▶ _WORK ITEM_
Once the line with "Step 3: click (530, 150)" has been located in the records below, set down that line and all subsequent lines exactly, omitting the pictures.

(Data records)
----------
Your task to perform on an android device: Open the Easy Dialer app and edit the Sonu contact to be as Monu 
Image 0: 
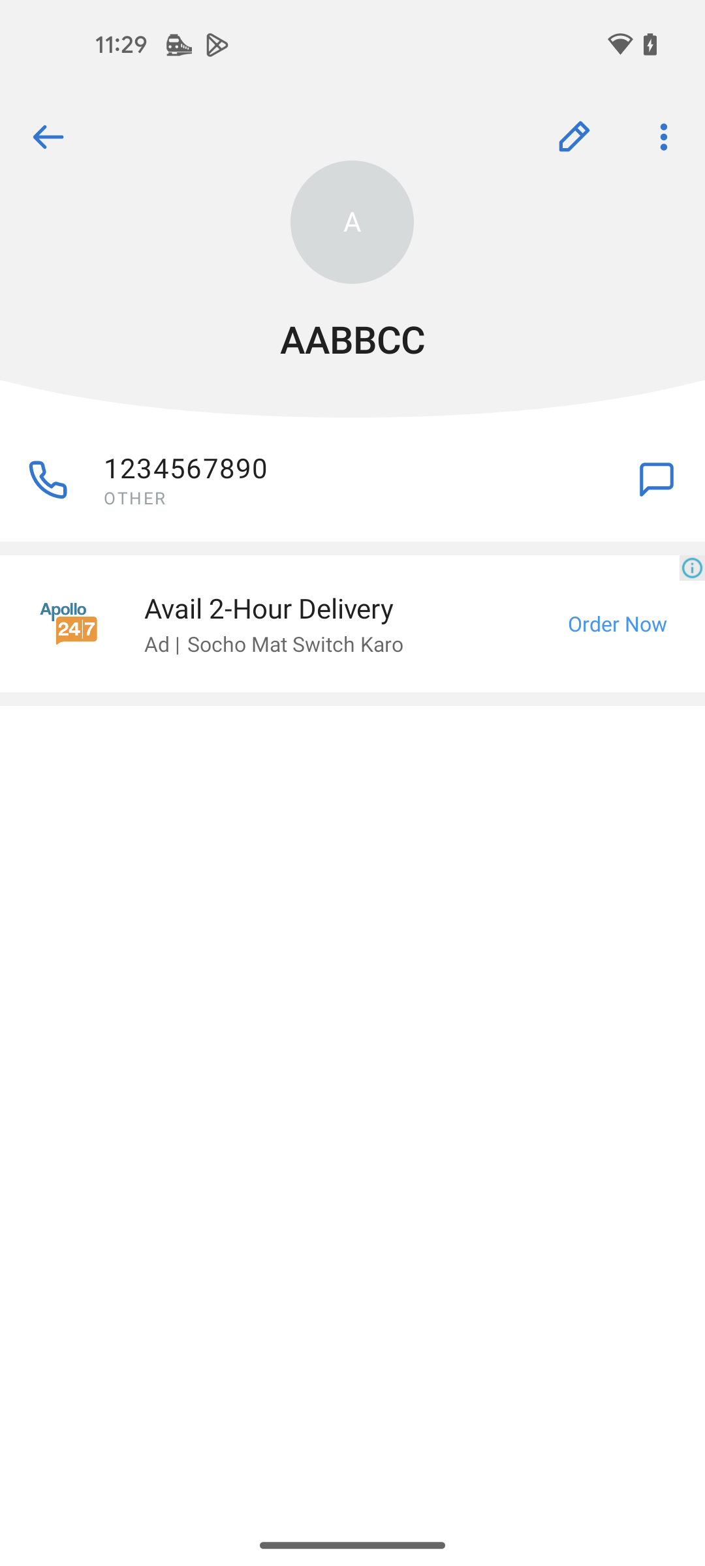
Open the Easy Dialer app
Step 0: open app "Easy Dialer"
Image 1: 
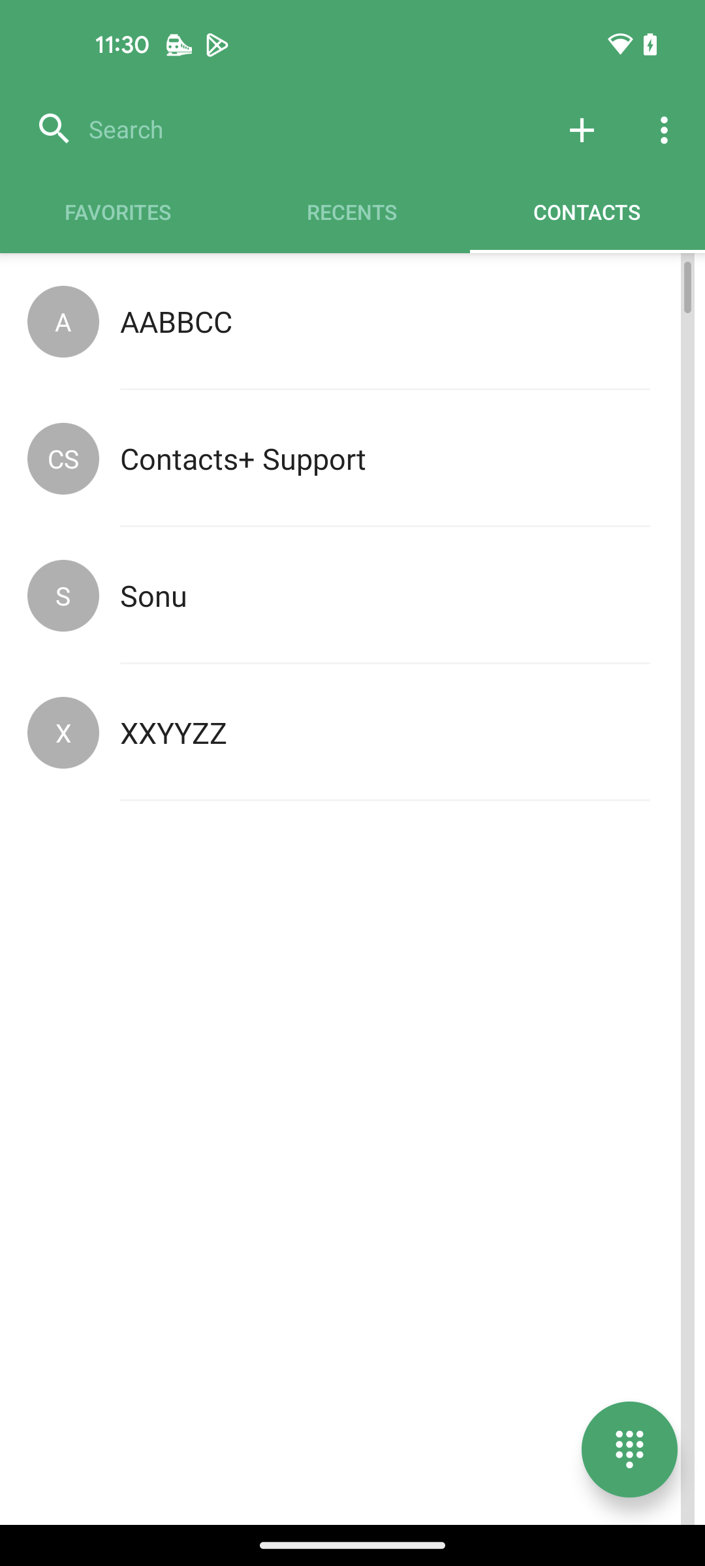
Click on the Sonu contact
Step 1: click (352, 595)
Image 2: 
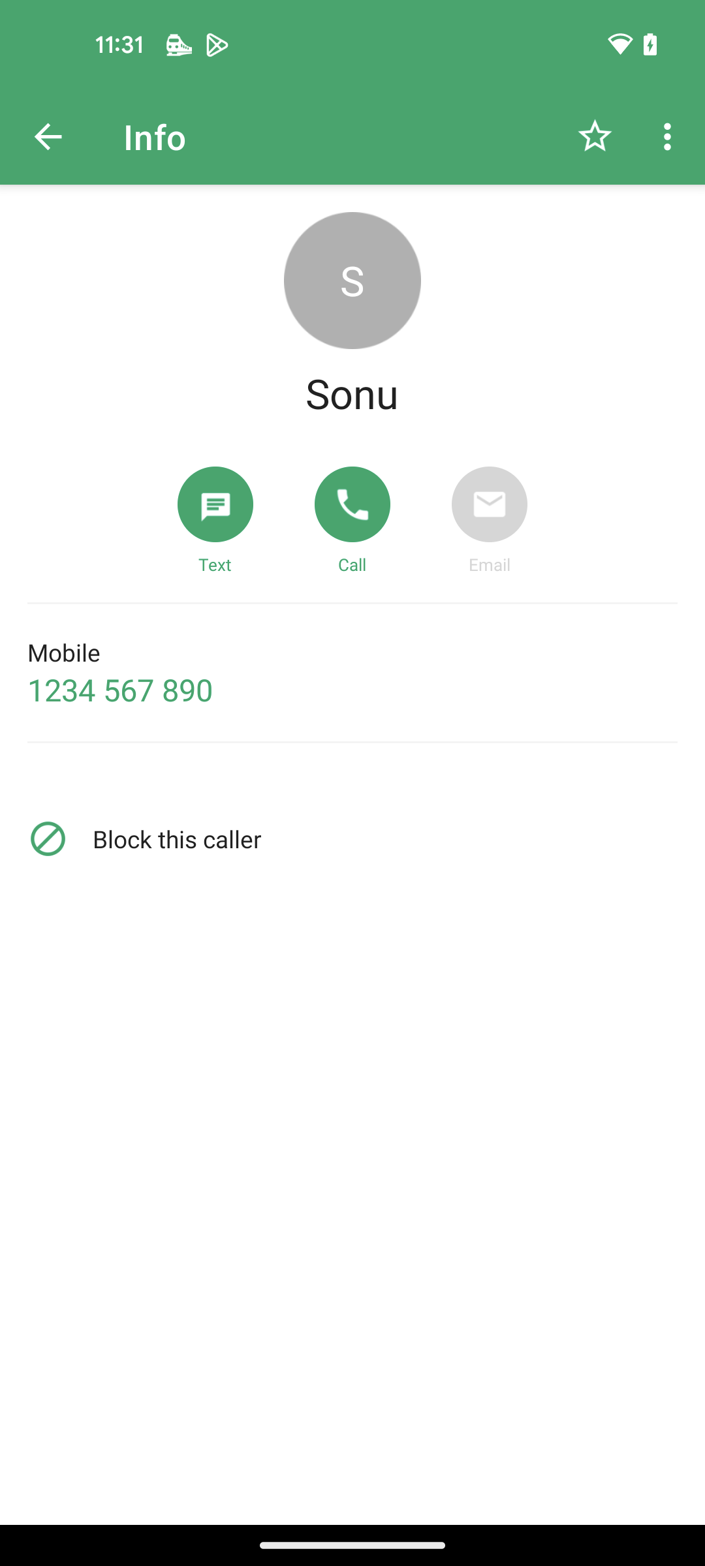
Click on three dots at the top right corner
Step 2: click (670, 136)
Image 3: 
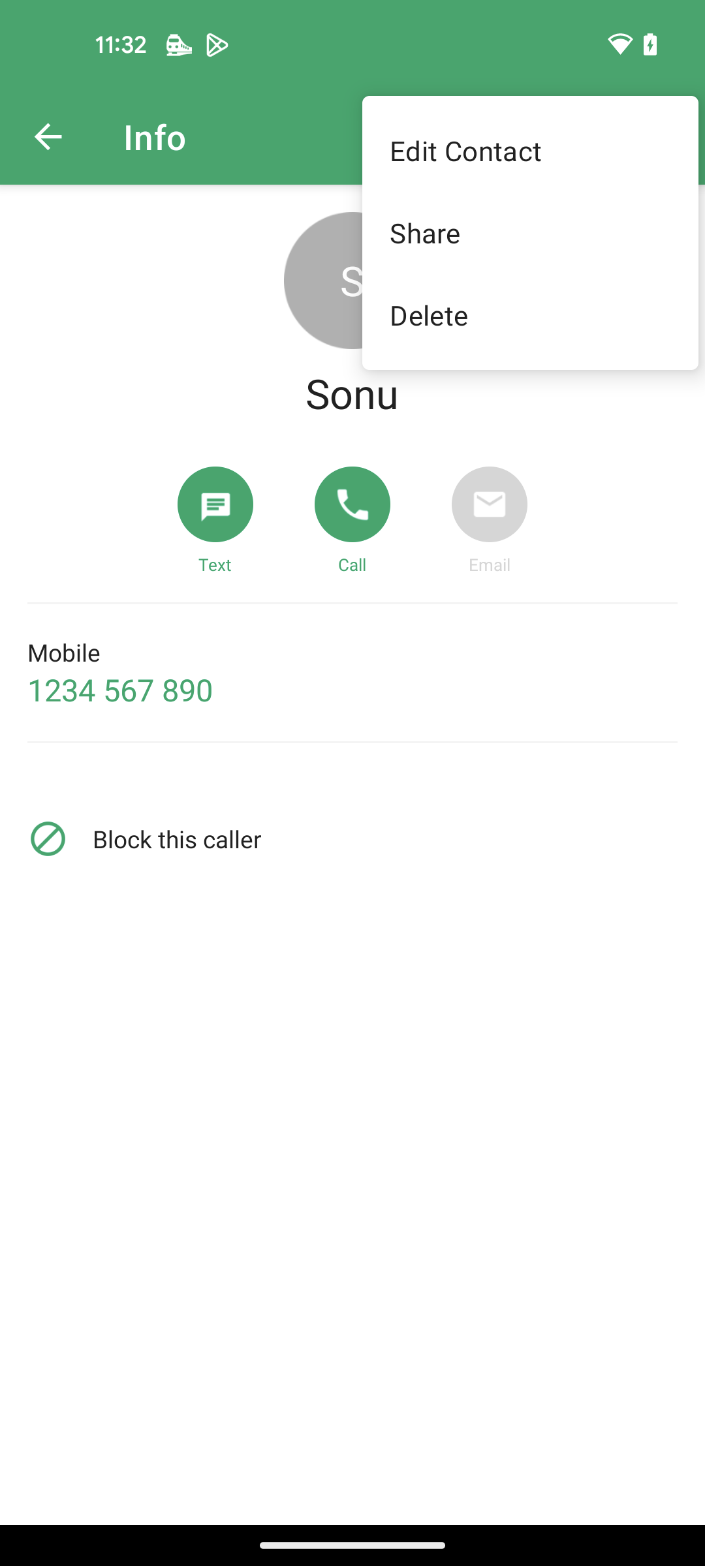
Click on the Edit contact
Step 3: click (530, 150)
Image 4: 
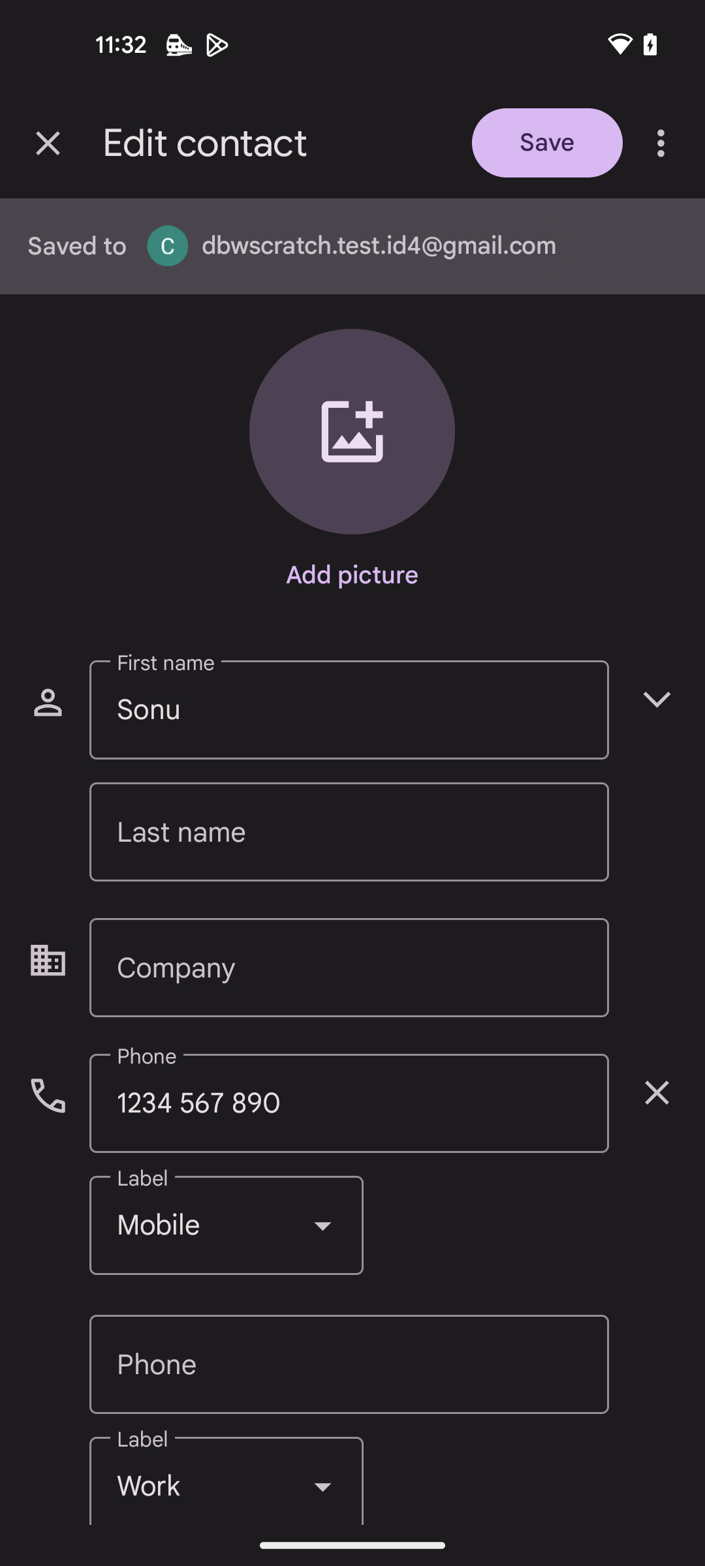
Click on the first name section
Step 4: click (349, 709)
----------
▶ _EXERCISE RESULT_
Step 3: click (530, 150)
Image 4: 
Click on the first name section
Step 4: click (349, 709)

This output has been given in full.